There is an air about this case that is much different. The best way I can think to describe how it all feels is “heavy.” I think this is the part of foster care that we didn’t really think about, plan for, or expect, because you really can’t. You spend all of your time worrying in training about things like how to handle a kid punching a hole in your wall, or what it will feel like when they leave your home, or how best to interact with the biological family. You don’t think about what it feels like to hear your foster son’s heart break when it is time to hang up the phone with his mom. You don’t think about what you’ll do when you’re “doing everything right” according to what “the books” tell you to do but your placement is still not behaving. You don’t think about what it might feel like to go to sleep wondering if the little boy sleeping down the hall will remember you in a positive way, a negative way, or at all. You don’t think that you might  wonder if he likes you at all.

We have had many wonderful, happy days with our current placement. We have also, especially recently, had plenty of very tough, exhausting, and depressing days.

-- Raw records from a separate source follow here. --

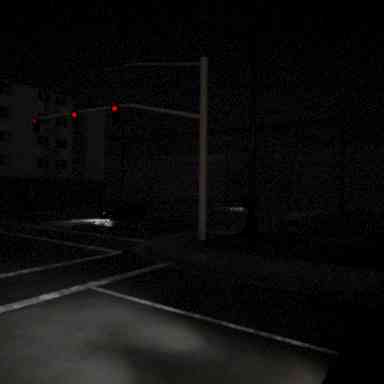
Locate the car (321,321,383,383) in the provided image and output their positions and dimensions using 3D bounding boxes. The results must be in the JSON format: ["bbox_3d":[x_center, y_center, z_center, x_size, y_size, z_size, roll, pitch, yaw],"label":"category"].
[{"bbox_3d":[3.154,1.602,1.703,4.718,1.301,1.895,0,0,36],"label":"car"}]

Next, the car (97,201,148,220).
[{"bbox_3d":[-5.511,1.398,26.764,1.994,1.385,4.181,1,1,35],"label":"car"}]

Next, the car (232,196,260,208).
[{"bbox_3d":[7.328,1.314,44.768,1.837,1.490,4.892,0,0,44],"label":"car"}]
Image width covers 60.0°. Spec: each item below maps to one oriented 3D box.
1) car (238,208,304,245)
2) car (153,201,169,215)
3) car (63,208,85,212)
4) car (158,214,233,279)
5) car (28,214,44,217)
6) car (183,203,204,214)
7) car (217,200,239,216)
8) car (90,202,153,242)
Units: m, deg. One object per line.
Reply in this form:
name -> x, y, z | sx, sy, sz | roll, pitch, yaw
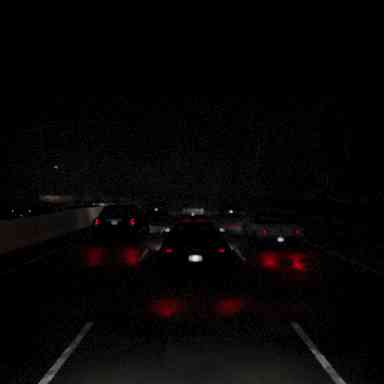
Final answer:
car -> 3.599, 1.635, 15.703 | 1.895, 1.301, 4.718 | 0, 0, 0
car -> -3.402, 1.637, 33.619 | 1.994, 1.385, 4.181 | 0, 0, 0
car -> -10.601, 1.617, 31.759 | 2.033, 1.411, 5.357 | 0, 0, 0
car -> 0.086, 1.587, 10.105 | 1.994, 1.385, 4.181 | 0, 0, 0
car -> -14.104, 1.666, 29.596 | 1.895, 1.301, 4.718 | 0, 0, 0
car -> 0.101, 1.670, 31.491 | 1.895, 1.301, 4.718 | 0, 0, 0
car -> 3.601, 1.577, 33.146 | 1.837, 1.490, 4.892 | 0, 0, 0
car -> -3.403, 1.389, 16.699 | 2.097, 1.767, 4.553 | 0, 0, 0
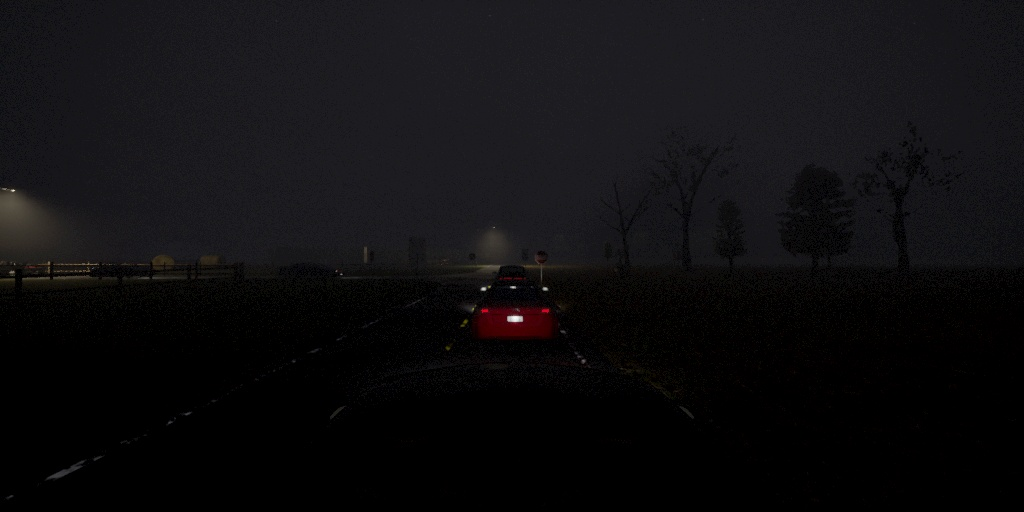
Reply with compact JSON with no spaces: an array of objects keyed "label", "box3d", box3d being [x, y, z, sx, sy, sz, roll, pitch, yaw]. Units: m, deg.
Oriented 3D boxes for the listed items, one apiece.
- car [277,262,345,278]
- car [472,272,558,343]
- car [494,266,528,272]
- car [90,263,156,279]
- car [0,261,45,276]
[{"label":"car","box3d":[-18.008,1.264,32.219,5.357,1.411,2.033,0,-1,-1]},{"label":"car","box3d":[0.068,1.315,9.668,1.994,1.385,4.181,0,0,0]},{"label":"car","box3d":[-0.022,1.258,19.883,1.837,1.490,4.892,0,0,-2]},{"label":"car","box3d":[-34.142,1.260,31.575,4.181,1.385,1.994,0,-1,-3]},{"label":"car","box3d":[-47.167,1.231,33.604,4.892,1.490,1.837,0,-1,-4]}]
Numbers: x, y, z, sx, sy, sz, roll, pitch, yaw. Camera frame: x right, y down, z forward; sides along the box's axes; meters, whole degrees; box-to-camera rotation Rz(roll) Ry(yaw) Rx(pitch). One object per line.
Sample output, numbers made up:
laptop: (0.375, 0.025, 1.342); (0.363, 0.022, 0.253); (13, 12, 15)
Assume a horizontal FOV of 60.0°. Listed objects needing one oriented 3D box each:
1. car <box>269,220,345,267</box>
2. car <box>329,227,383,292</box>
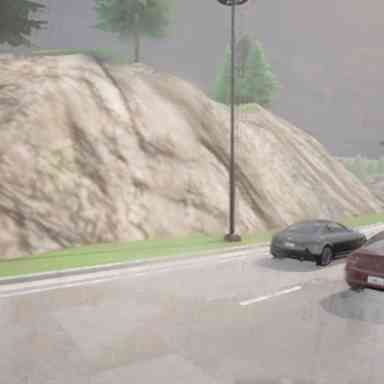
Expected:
car: (4.672, 1.697, 12.061); (4.181, 1.385, 1.994); (1, -1, -41)
car: (5.436, 1.629, 8.106); (4.674, 1.442, 1.812); (1, 0, -40)
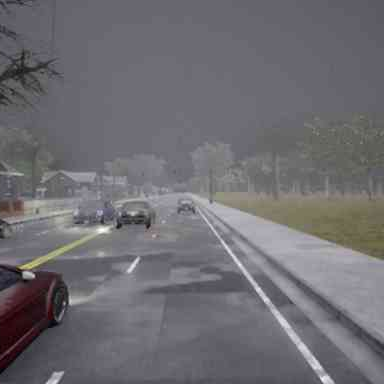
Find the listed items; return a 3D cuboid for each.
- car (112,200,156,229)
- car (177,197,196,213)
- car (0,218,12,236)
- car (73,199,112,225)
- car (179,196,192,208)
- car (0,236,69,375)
[{"bbox_3d":[-3.583,1.370,22.053,2.097,1.767,4.553,-1,0,-1],"label":"car"},{"bbox_3d":[-0.622,1.488,35.620,1.812,1.442,4.674,-1,0,-1],"label":"car"},{"bbox_3d":[-10.135,1.674,15.212,1.994,1.385,4.181,-1,0,-1],"label":"car"},{"bbox_3d":[-7.085,1.410,24.456,2.097,1.767,4.553,-1,0,-1],"label":"car"},{"bbox_3d":[-0.982,1.454,49.321,1.837,1.490,4.892,-1,0,-1],"label":"car"},{"bbox_3d":[-3.201,1.600,4.395,1.994,1.385,4.181,-1,0,-1],"label":"car"}]
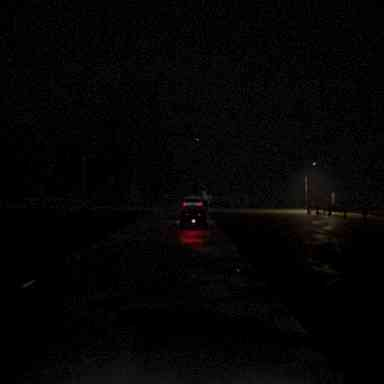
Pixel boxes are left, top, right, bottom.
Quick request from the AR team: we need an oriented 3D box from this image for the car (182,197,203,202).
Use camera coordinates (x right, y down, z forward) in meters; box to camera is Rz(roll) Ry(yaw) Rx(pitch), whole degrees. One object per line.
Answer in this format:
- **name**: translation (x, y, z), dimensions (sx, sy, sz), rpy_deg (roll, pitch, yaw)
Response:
- **car**: translation (0.047, 1.525, 36.586), dimensions (2.150, 2.045, 5.566), rpy_deg (0, 0, -1)

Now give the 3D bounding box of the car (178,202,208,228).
- **car**: translation (0.104, 1.707, 24.004), dimensions (1.837, 1.490, 4.892), rpy_deg (0, -2, 0)
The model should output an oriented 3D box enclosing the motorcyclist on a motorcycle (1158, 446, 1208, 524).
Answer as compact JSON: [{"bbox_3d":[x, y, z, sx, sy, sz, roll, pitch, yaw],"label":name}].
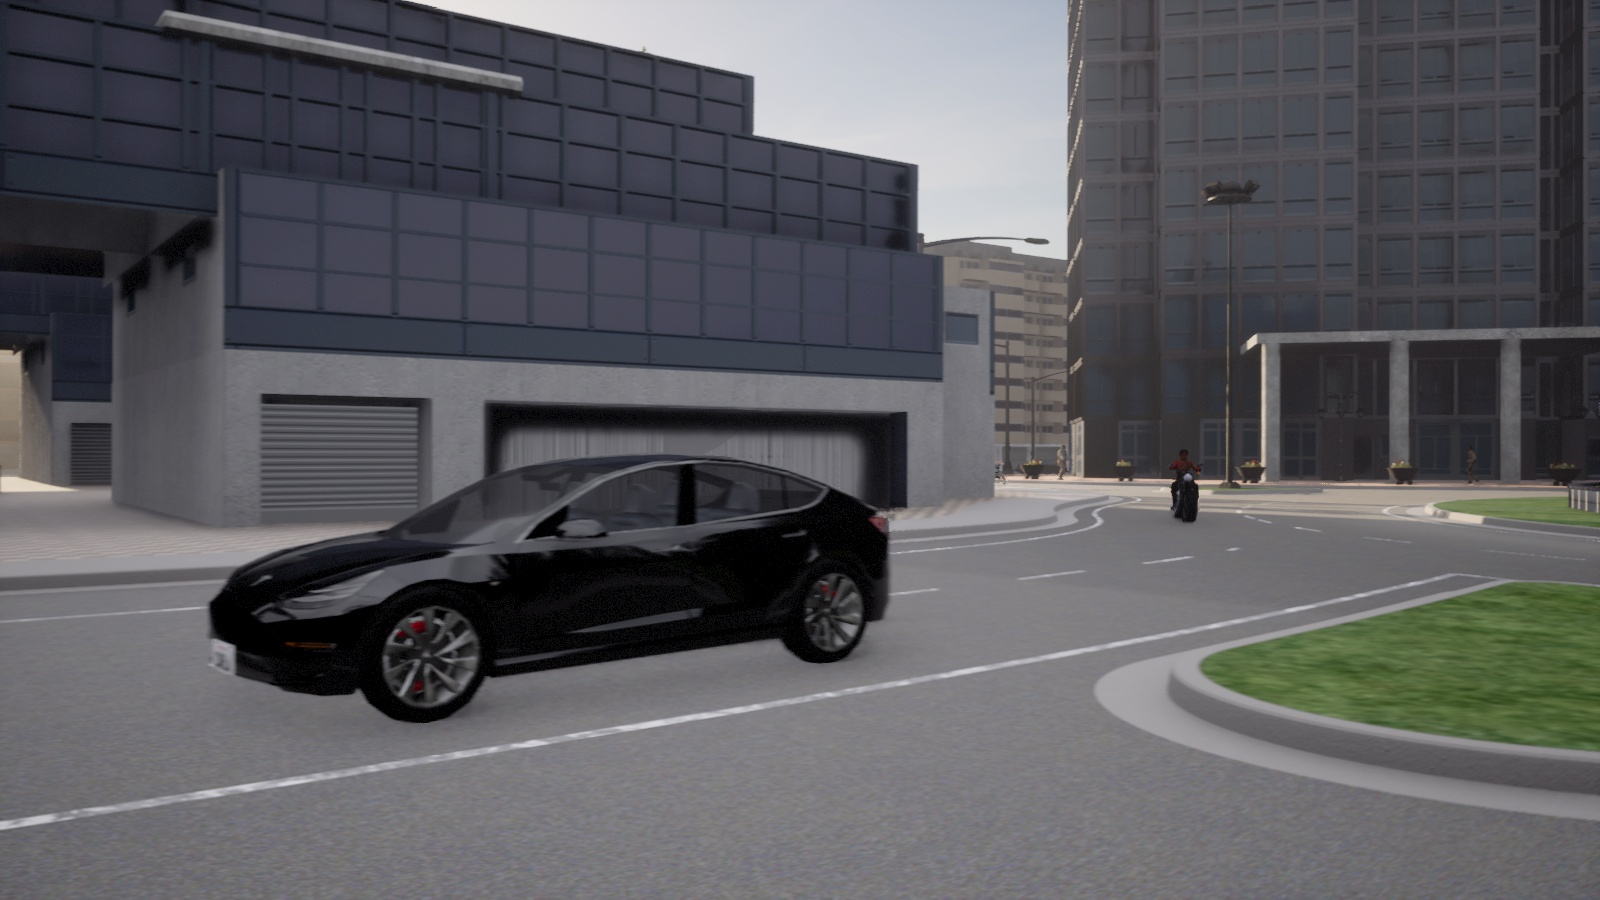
[{"bbox_3d":[8.494,0.745,27.903,0.766,1.649,2.350,0,0,10],"label":"motorcyclist on a motorcycle"}]

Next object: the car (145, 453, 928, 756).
[{"bbox_3d":[-1.559,0.768,8.579,4.792,1.488,2.163,0,0,-41],"label":"car"}]

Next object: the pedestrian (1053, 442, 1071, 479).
[{"bbox_3d":[13.091,0.534,62.857,0.540,1.848,0.694,0,0,-39],"label":"pedestrian"}]

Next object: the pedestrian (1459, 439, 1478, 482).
[{"bbox_3d":[30.437,0.489,57.160,0.692,1.930,0.396,0,0,20],"label":"pedestrian"}]
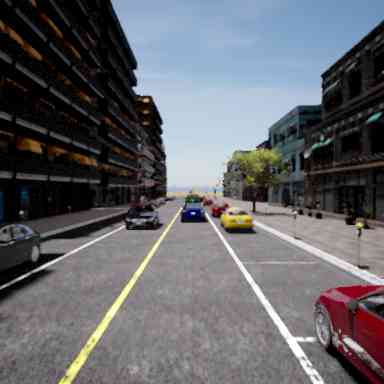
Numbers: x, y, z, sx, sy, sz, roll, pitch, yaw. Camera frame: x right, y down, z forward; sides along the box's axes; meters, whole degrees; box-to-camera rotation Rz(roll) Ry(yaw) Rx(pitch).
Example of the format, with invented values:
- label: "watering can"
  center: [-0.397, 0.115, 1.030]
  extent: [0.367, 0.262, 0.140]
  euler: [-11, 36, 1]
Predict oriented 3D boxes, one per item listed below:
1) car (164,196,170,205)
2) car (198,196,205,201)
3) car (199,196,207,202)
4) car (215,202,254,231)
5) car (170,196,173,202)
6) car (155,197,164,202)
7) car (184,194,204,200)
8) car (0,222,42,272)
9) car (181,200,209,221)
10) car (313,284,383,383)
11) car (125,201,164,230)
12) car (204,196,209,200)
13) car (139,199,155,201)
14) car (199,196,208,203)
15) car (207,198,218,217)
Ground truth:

We wonder if we’re cut out to be parents at all, let alone foster parents. We think, rethink, and then overthink our rewards and consequences, practice how best to respond calmly and lovingly, and pray that tomorrow will be better. Sometimes, tomorrow is better. Sometimes, it is not.


No one has ever suggested that foster parenting is easy, and I certainly didn’t expect it to be. With that said, I think the things that feel hard are different than what I expected, and I sometimes find myself unsure of how to handle that. Some of our feelings stem from just the major shift that exists when you go from doing exactly what you want, whenever you want, to being responsible for another human life that is not quite so flexible. Parenting is a hard adjustment no matter how it happens. Some of it comes from feeling totally inadequate, helpless, and emotionally exhausted. And some of it comes from the fact that you know what? Kids, whether biological, foster, or adopted, aren’t always well behaved. Kids from hard places definitely are not, and they have very big and very valid feelings, worries, and thoughts that they cannot always express in ways that we find pleasant. For two people who are generally pretty calm and level-headed, that can be…well, unsettling.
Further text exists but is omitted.